Thanks, I actually figured out how to do the p.value and logFC separately while I was waiting for a reply, but that little & sign totally helped me out. I used this instead

sum(edgeHSMvHSF\$table[,2]>1 & edgeHSMvHSF\$table[,3]<0.05)

Which also gave me the same answer yours did. It's good to have a way to double check what I was doing.

Bonus points for you

1

if sum() is misleading you can also use length(which())

Agreed; attach causes all sorts of issues, avoid it.

sure, attach is only for an interactive session and it can cause issues, though it is sometimes very nifty. Don't use it in functions or scripts. The clean way is to use <-

Jeremy thanx for correcting the syntax error.

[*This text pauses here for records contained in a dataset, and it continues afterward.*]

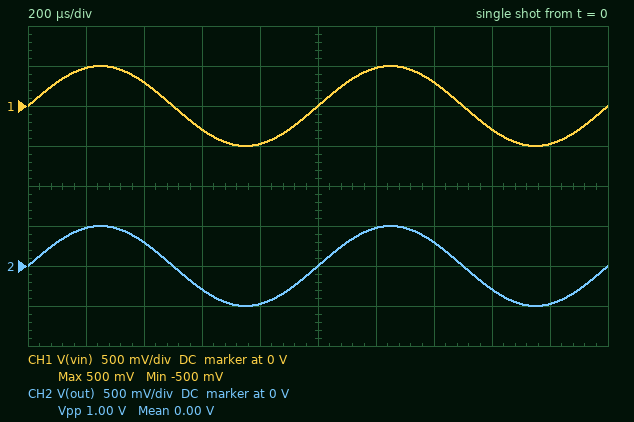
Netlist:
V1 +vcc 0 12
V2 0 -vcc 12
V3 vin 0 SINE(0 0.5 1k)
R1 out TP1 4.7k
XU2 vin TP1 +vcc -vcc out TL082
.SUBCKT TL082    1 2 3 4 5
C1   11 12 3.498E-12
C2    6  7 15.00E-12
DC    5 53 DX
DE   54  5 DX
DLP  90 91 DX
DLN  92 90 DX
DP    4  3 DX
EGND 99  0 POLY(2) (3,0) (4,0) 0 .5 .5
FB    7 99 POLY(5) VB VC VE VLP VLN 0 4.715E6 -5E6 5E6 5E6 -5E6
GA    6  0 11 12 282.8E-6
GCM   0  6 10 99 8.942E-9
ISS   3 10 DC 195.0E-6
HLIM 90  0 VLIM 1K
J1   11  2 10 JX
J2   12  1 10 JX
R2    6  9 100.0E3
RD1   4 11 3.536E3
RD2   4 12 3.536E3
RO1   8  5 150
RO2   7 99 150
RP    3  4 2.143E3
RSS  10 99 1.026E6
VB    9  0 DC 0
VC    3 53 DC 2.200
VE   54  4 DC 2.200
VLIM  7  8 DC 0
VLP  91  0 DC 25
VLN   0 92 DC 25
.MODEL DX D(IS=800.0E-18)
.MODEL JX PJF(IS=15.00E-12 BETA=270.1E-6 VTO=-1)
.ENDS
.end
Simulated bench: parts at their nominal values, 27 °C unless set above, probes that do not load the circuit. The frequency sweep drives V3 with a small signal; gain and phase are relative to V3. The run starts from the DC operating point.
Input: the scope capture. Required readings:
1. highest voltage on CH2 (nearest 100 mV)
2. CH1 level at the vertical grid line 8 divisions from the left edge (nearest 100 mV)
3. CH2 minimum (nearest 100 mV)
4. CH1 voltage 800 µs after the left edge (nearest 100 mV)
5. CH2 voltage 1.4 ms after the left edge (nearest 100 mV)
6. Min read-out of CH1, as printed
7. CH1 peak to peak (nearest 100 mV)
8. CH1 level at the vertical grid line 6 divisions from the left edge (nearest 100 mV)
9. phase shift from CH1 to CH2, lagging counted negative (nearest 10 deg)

500 mV
-300 mV
-500 mV
-500 mV
300 mV
-500 mV
1.0 V
500 mV
0 deg
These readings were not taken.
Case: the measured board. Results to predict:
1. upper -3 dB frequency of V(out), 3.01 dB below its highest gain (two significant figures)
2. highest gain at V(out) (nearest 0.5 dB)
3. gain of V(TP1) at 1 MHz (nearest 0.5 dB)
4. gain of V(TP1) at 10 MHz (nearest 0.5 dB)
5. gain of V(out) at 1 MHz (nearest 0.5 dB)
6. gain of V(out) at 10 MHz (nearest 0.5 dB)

4.9 MHz
0 dB
0 dB
-13.0 dB
0 dB
-13.0 dB

Seems like sum() is faster than length(which) for very large vectors

5
7.5 years ago by
Manu Prestat3.8k
Marseille, France
Manu Prestat3.8k wrote:

You may be also interested in the subset function :

subset(edgeHSMvHSF\$table,p.value<0.05 & abs(logFC) > 1)

Emmanuel

1
7.5 years ago by
Joshua70
Joshua70 wrote:

CountMySignificant <- function(x) {
count = 0
for(i in 1:length(x))
{
if(x[i] < 0.05)
{
count = count + 1
}
}
return(count)
}

Then just pass you column which i'm assuming would be something like. CountMySignificant(edgeHSMvHSF\$table[,3])

4

In R, for-loops are best avoided where possible.

4

I'm afraid this is an example of how not to write R code because it is much slower and far less readable than x<0.05.

0
3.8 years ago by
seidel6.6k
United States
seidel6.6k wrote:

This is a bit terse, but would be one way to do it *instead* of using a for loop, and is more the R way. Use apply() on your matrix:

`sum(apply(edgeHSMvHSF\$table, 1, function(x){ ifelse(x[2] > 1 & x[3] < 0.05,TRUE,FALSE) })`

The apply function takes three arguments: apply(matrix, rows or columns, function). The first is your matrix or data frame, the second is whether to work on rows (1) or columns (2), and the third is a function to apply to each row or column. You can place a custom function there. In the code above, each row of the matrix is handed to the function as a vector called x (you get to make up the name of the vector, I called it x), so all we have to do is check the 2nd and 3rd positions of x and return true or false. I'm using the ifelse statement: ifelse(test, return value if true, return value if false). So the apply statement above returns a boolean vector for each row on the matrix, reflecting if each row has a Fold Change > 1 AND a p-value < 0.05. You can sum a boolean vector to get a count of the number that's TRUE. If you want an index vector of the rows, you could use the boolean vector, or you could replace sum() with which().